More advanced companies or companies with a product that must constantly update may want to undertake a fully automated pipeline with CI/CD integrations. This implementation, as seen below, is similar to ML Pipeline Automation but rather installs a robust automated CI/CD system. In this architecture, data scientists can rapidly explore data and experiment with new models. As they make changes to their ML pipelines, they can automatically build, test, and deploy the new pipeline components to the target environment.
The following diagram shows the implementation of the ML pipeline using CI/CD, which has the characteristics of the automated ML pipelines setup plus the automated CI/CD routines.
The right Operational ML architecture as part of an App Ecosystem is as important as the kernel is to an operating system. This enables limitless architecture, perpetual innovation, and adaptable components that can be added to or released as business changes. Pandera offers a catalog of templated reporting tools to supplement the ML Operations on Google Cloud Platform. The dashboards are built using Looker and cover the following topics:
- Data Monitoring: By monitoring the data, organizations can more accurately assess their models and know when to retrain them. Using Looker’s built in alerting capabilities, data science teams can automatically notify stakeholders when significant deviations from the norm are detected. Monitoring data also allows teams to do retrospective analysis on outliers and potentially identify bugs in upstream processes.

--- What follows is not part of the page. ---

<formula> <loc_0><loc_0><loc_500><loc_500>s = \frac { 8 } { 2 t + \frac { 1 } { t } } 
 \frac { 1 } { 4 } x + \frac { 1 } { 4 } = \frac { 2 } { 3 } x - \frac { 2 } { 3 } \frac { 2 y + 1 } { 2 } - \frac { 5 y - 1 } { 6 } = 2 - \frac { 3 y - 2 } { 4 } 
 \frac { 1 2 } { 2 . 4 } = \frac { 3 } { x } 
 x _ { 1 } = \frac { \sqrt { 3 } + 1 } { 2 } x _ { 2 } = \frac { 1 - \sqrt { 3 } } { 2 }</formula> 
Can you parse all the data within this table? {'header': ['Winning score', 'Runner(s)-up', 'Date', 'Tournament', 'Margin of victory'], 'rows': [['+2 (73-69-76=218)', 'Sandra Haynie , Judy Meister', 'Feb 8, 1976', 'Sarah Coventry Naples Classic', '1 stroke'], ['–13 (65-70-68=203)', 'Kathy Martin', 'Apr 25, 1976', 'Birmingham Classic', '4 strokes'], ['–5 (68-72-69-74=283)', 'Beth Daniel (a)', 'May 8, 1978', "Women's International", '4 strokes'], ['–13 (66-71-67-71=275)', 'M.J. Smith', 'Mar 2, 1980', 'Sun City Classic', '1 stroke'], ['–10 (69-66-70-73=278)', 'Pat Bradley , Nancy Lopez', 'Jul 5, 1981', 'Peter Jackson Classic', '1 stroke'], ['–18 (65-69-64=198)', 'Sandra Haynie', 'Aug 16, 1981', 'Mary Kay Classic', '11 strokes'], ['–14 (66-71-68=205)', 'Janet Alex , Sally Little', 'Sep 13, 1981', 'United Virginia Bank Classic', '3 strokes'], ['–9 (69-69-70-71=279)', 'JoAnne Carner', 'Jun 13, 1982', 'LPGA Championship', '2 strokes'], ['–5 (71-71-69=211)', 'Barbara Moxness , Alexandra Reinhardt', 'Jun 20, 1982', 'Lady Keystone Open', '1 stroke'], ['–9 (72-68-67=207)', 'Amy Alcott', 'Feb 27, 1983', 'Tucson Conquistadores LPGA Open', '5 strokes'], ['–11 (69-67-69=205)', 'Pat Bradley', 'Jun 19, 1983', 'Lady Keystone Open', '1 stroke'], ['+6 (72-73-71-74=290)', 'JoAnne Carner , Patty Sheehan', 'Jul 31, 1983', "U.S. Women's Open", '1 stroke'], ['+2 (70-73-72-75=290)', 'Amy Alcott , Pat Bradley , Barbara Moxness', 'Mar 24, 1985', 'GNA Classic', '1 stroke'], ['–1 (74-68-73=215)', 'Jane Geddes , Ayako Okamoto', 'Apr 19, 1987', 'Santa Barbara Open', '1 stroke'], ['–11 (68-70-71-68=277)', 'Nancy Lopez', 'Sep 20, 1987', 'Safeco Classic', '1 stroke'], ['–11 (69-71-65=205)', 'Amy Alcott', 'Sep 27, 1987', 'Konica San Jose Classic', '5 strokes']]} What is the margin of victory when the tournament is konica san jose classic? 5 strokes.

- Model Monitoring: Storing all model prediction results in BigQuery and implementing a human-in-the-loop feedback system allows data science teams to be able to report on continuous model performance. Continuous evaluations serve to highlight the model’s health over time as it may drift based on changing data and conditions. When performance degrades past a designated threshold, alerts are sent out to bring attention to the issue. A data scientist can then investigate to discover the cause and remediate the problem. Mature Data Science teams can install a trigger for automated model retrain rather than alerting.
- AI Explanation: GCP provides the services and framework to extract the explanations from your Machine Learning models. We provide you with a clean interface to view those explanations. The Explainable AI dashboards provide Data Scientists a means to interpret predictions made by their machine learning models for debugging, model enhancements, and to help business stakeholders understand their models’ behavior. Within this dashboard you can look at feature attributions against aggregated predictions, individual predictions, or use a what-if simulation to investigate model behavior based on variable inputs.
- Smart Analytics: We have created a series of Smart Apps (dashboards) targeting specific horizontal and vertical industry intersections. The goal of the Smart Apps is to rapidly turn your data into Smart Metrics to activate Smart Signals that lead to Smart Actions. The Smart Analytics Playbook enables organizations to achieve faster time to insights that deliver ML-driven prescriptive actions that anticipate what you need to know next and provide you with the most relevant answers for your business. Leveraging enterprise data and ML outputs in GCP, we can augment intelligence into an easy deploy Smart Analytics stack. Eliminate the barrier to scalable and actionable intelligence, and start taking smart actions that allow you to drive business impact.